- EXERCISE PROMPT -
The records below hold a stretch from the line with "9. golf shoe [157,153,285,226]" through the line with "You are a precise"; return exactly those lines, ends included, and nothing more.

───── DATASET RECORDS ─────

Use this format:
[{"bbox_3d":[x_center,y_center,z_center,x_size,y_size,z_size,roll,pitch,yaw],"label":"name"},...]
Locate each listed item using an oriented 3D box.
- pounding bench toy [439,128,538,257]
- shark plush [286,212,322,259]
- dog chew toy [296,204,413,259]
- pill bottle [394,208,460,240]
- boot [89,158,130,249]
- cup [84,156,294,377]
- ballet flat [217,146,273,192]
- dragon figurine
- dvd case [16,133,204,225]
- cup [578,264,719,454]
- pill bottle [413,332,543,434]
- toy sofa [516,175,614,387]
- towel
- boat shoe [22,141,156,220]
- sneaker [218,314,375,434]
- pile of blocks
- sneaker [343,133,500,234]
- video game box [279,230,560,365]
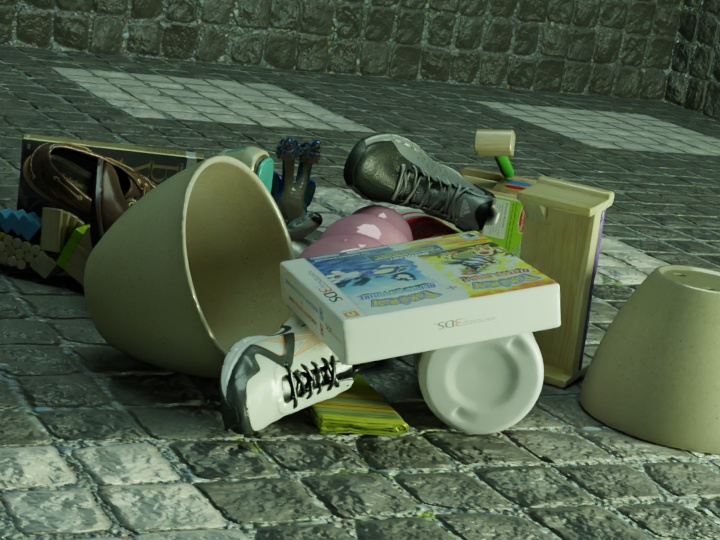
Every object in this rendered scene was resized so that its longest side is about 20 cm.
[{"bbox_3d":[0.171,-0.086,2.050,0.124,0.201,0.156,11,15,12],"label":"pounding bench toy"},{"bbox_3d":[-0.114,0.004,1.763,0.199,0.091,0.083,-15,-3,-7],"label":"shark plush"},{"bbox_3d":[0.000,0.000,1.688,0.124,0.125,0.200,11,32,11],"label":"dog chew toy"},{"bbox_3d":[0.083,0.008,1.796,0.112,0.113,0.200,3,15,-24],"label":"pill bottle"},{"bbox_3d":[-0.173,-0.031,1.691,0.199,0.187,0.064,-4,-20,-15],"label":"boot"},{"bbox_3d":[-0.165,0.009,1.504,0.143,0.201,0.200,-12,4,25],"label":"cup"},{"bbox_3d":[-0.122,-0.025,1.621,0.069,0.201,0.070,4,15,-1],"label":"ballet flat"},{"bbox_3d":[-0.082,-0.074,1.876,0.058,0.100,0.200,9,-28,-8],"label":"dragon figurine"},{"bbox_3d":[-0.282,-0.075,1.842,0.199,0.149,0.016,5,34,-12],"label":"dvd case"},{"bbox_3d":[0.323,0.076,1.607,0.199,0.144,0.200,8,13,-2],"label":"cup"},{"bbox_3d":[0.105,0.070,1.557,0.113,0.114,0.200,8,14,-4],"label":"pill bottle"},{"bbox_3d":[0.204,0.009,1.686,0.082,0.201,0.097,15,20,27],"label":"toy sofa"},{"bbox_3d":[-0.027,0.111,1.521,0.086,0.018,0.200,7,13,-21],"label":"towel"},{"bbox_3d":[-0.264,-0.079,1.774,0.199,0.071,0.070,23,-25,-27],"label":"boat shoe"},{"bbox_3d":[-0.054,0.085,1.425,0.080,0.074,0.200,5,22,26],"label":"sneaker"},{"bbox_3d":[-0.336,-0.034,1.769,0.199,0.083,0.062,12,13,14],"label":"pile of blocks"},{"bbox_3d":[0.081,-0.085,1.745,0.115,0.075,0.199,29,11,41],"label":"sneaker"},{"bbox_3d":[0.048,0.020,1.448,0.199,0.047,0.182,-10,21,-18],"label":"video game box"}]
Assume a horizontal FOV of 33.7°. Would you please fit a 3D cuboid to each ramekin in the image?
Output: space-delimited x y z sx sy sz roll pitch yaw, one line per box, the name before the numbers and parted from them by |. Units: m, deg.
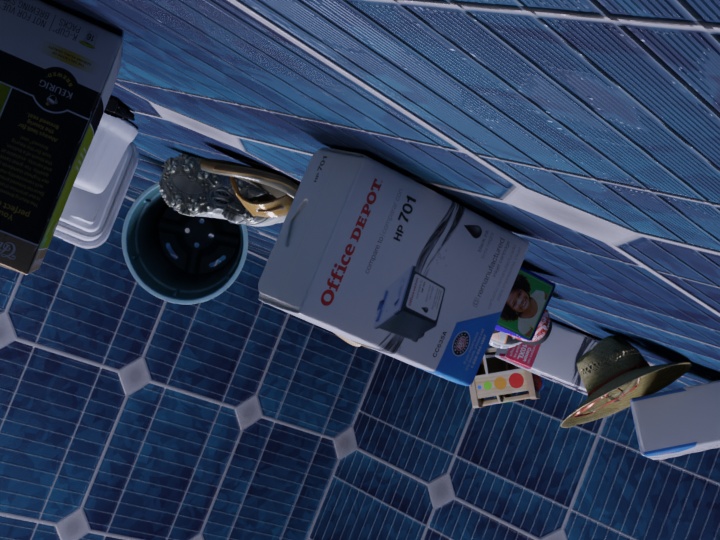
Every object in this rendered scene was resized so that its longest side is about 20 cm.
ramekin | -0.392 -0.173 1.500 0.200 0.098 0.200 22 177 1

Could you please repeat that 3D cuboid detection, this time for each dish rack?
dish rack | -0.412 -0.140 1.614 0.199 0.172 0.044 23 164 -15

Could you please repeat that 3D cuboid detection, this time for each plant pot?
plant pot | -0.277 -0.057 1.963 0.199 0.201 0.196 22 -175 -3

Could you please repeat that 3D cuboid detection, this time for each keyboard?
keyboard | -0.358 -0.201 1.329 0.199 0.040 0.104 21 177 9

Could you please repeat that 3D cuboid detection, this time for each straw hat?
straw hat | 0.350 0.138 1.652 0.085 0.201 0.201 65 -166 20

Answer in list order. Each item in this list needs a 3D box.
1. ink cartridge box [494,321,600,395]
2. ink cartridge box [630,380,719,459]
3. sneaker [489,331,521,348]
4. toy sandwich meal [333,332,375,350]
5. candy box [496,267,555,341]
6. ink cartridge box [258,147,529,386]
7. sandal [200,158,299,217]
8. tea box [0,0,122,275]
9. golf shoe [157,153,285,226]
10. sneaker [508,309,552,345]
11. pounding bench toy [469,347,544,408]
ink cartridge box | 0.327 0.139 1.895 0.199 0.085 0.145 22 177 1
ink cartridge box | 0.469 0.214 1.692 0.144 0.085 0.200 -14 166 14
sneaker | 0.186 0.060 1.686 0.199 0.074 0.080 10 148 -35
toy sandwich meal | 0.027 0.018 1.488 0.204 0.206 0.070 22 -145 8
candy box | 0.084 -0.002 1.315 0.199 0.077 0.169 23 178 -31
ink cartridge box | 0.031 -0.001 1.052 0.199 0.147 0.086 24 177 -34
sandal | -0.101 -0.082 1.413 0.199 0.054 0.080 24 176 -30
tea box | -0.311 -0.123 0.921 0.199 0.198 0.134 23 176 -12
golf shoe | -0.178 -0.096 1.573 0.199 0.079 0.097 21 -177 31
sneaker | 0.144 0.025 1.498 0.201 0.067 0.108 25 169 23
pounding bench toy | 0.313 0.191 2.612 0.155 0.201 0.124 -11 171 12
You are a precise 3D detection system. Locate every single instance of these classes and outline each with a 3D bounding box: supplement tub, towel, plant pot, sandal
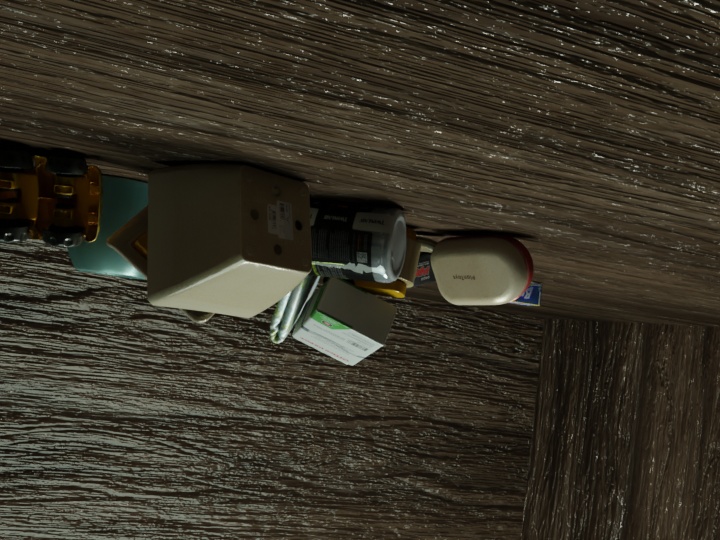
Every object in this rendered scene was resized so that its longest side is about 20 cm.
[{"bbox_3d":[-0.031,-0.049,1.433,0.197,0.125,0.122,6,175,16],"label":"supplement tub"},{"bbox_3d":[-0.119,0.024,1.749,0.048,0.202,0.172,26,-143,4],"label":"towel"},{"bbox_3d":[-0.435,-0.072,1.568,0.197,0.164,0.201,8,175,1],"label":"plant pot"},{"bbox_3d":[0.073,-0.045,1.726,0.197,0.055,0.080,12,178,29],"label":"sandal"},{"bbox_3d":[-0.179,-0.054,1.279,0.175,0.203,0.198,-15,162,42],"label":"plant pot"}]

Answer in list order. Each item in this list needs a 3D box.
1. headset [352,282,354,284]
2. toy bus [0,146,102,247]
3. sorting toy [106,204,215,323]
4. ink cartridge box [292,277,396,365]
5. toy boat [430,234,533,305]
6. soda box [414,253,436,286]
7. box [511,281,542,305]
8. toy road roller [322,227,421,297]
[{"bbox_3d":[0.000,0.000,1.793,0.092,0.125,0.201,6,-145,-21],"label":"headset"},{"bbox_3d":[-0.493,-0.119,1.369,0.196,0.138,0.192,5,-171,-8],"label":"toy bus"},{"bbox_3d":[-0.268,-0.037,1.381,0.199,0.185,0.037,39,137,1],"label":"sorting toy"},{"bbox_3d":[-0.035,0.100,1.689,0.145,0.084,0.200,27,156,-10],"label":"ink cartridge box"},{"bbox_3d":[0.236,-0.013,1.624,0.198,0.132,0.130,-1,-156,46],"label":"toy boat"},{"bbox_3d":[0.073,0.011,1.993,0.197,0.072,0.063,-14,-175,-27],"label":"soda box"},{"bbox_3d":[0.394,0.053,2.399,0.197,0.066,0.070,8,176,-17],"label":"box"},{"bbox_3d":[0.001,-0.034,1.618,0.197,0.125,0.146,6,164,23],"label":"toy road roller"}]
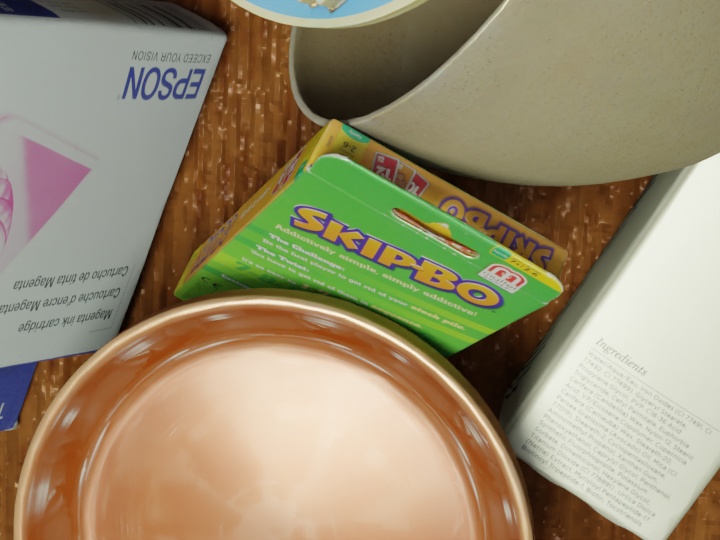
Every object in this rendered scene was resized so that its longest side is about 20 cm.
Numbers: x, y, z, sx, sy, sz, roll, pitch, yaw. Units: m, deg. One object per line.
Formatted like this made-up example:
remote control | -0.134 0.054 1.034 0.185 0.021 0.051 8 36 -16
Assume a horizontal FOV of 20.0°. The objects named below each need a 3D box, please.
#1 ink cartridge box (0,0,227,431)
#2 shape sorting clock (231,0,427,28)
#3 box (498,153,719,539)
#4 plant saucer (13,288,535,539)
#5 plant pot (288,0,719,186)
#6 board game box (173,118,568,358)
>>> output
ink cartridge box | -0.144 -0.008 0.768 0.043 0.196 0.201 26 106 23
shape sorting clock | -0.010 -0.181 0.679 0.199 0.039 0.201 6 98 44
box | 0.139 0.001 0.797 0.082 0.068 0.200 34 105 -2
plant saucer | -0.032 0.104 0.778 0.199 0.032 0.201 2 103 8
plant pot | 0.085 -0.110 0.731 0.134 0.200 0.201 28 107 -25
board game box | 0.000 0.000 0.755 0.095 0.200 0.030 29 71 -11
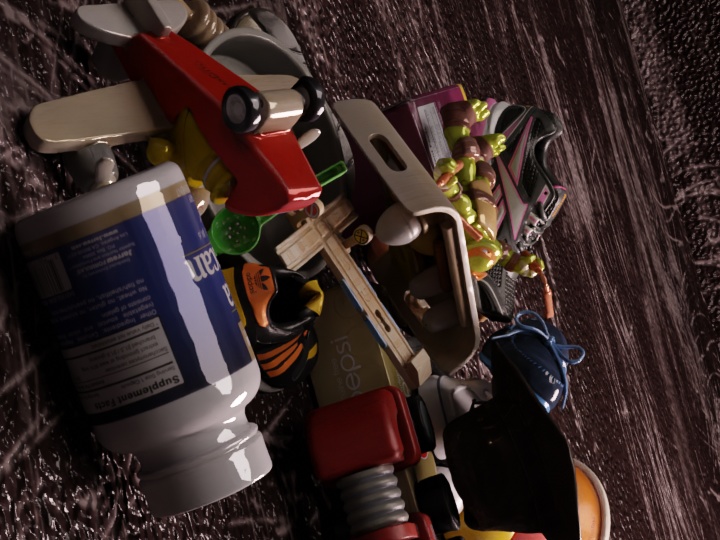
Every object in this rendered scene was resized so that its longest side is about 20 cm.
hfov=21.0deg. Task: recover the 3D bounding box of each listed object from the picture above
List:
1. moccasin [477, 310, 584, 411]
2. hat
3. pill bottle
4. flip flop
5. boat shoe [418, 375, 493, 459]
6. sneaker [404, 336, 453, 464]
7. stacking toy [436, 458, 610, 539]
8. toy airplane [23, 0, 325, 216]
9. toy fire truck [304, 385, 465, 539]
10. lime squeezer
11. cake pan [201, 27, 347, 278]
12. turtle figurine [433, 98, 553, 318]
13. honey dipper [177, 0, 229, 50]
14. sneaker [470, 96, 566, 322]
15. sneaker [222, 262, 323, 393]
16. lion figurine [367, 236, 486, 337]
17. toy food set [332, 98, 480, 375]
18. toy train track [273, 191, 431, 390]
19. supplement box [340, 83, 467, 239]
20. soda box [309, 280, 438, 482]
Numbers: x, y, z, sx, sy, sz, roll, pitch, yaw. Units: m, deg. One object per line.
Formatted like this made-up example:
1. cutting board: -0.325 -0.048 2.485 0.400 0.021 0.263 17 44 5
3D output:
1. moccasin: 0.142 0.068 1.665 0.080 0.068 0.200 43 2 -11
2. hat: 0.108 0.158 1.519 0.201 0.080 0.202 162 -90 -81
3. pill bottle: -0.127 0.044 1.200 0.201 0.110 0.111 69 18 -6
4. flip flop: -0.067 -0.120 1.620 0.081 0.057 0.201 -31 102 -32
5. boat shoe: 0.099 0.119 1.656 0.200 0.065 0.074 8 67 -75
6. sneaker: 0.061 0.124 1.744 0.200 0.060 0.105 24 46 -69
7. stacking toy: 0.118 0.215 1.759 0.199 0.146 0.147 28 43 -41
8. toy airplane: -0.124 -0.102 1.337 0.200 0.198 0.142 -91 -164 -61
9. toy fire truck: -0.005 0.181 1.439 0.200 0.128 0.177 34 39 -77
10. lime squeezer: -0.100 -0.022 1.385 0.199 0.070 0.038 -26 99 -32
11. cake pan: -0.082 -0.087 1.510 0.200 0.037 0.202 26 57 -50
12. turtle figurine: 0.100 -0.052 1.638 0.200 0.064 0.162 41 37 -42
13. honey dipper: -0.162 -0.230 1.500 0.200 0.038 0.038 49 28 -44
14. sneaker: 0.139 -0.053 1.727 0.080 0.086 0.202 -1 93 -72
15. sneaker: -0.058 0.039 1.437 0.200 0.089 0.070 27 46 -64
16. lion figurine: 0.046 0.009 1.791 0.122 0.073 0.200 28 10 -35
17. toy food set: 0.031 -0.026 1.570 0.144 0.060 0.201 55 -16 40
18. toy train track: 0.000 0.000 1.499 0.201 0.032 0.115 57 36 -7
19. supplement box: 0.030 -0.096 1.765 0.104 0.130 0.200 71 19 -3
20. soda box: 0.008 0.112 1.588 0.064 0.067 0.202 13 60 -70

─────

- ANSWER BELOW -
9. golf shoe [157,153,285,226]
10. sneaker [508,309,552,345]
11. pounding bench toy [469,347,544,408]
ink cartridge box | 0.327 0.139 1.895 0.199 0.085 0.145 22 177 1
ink cartridge box | 0.469 0.214 1.692 0.144 0.085 0.200 -14 166 14
sneaker | 0.186 0.060 1.686 0.199 0.074 0.080 10 148 -35
toy sandwich meal | 0.027 0.018 1.488 0.204 0.206 0.070 22 -145 8
candy box | 0.084 -0.002 1.315 0.199 0.077 0.169 23 178 -31
ink cartridge box | 0.031 -0.001 1.052 0.199 0.147 0.086 24 177 -34
sandal | -0.101 -0.082 1.413 0.199 0.054 0.080 24 176 -30
tea box | -0.311 -0.123 0.921 0.199 0.198 0.134 23 176 -12
golf shoe | -0.178 -0.096 1.573 0.199 0.079 0.097 21 -177 31
sneaker | 0.144 0.025 1.498 0.201 0.067 0.108 25 169 23
pounding bench toy | 0.313 0.191 2.612 0.155 0.201 0.124 -11 171 12
You are a precise 3D detection system. Locate every single instance of these classes and outline each with a 3D bounding box: supplement tub, towel, plant pot, sandal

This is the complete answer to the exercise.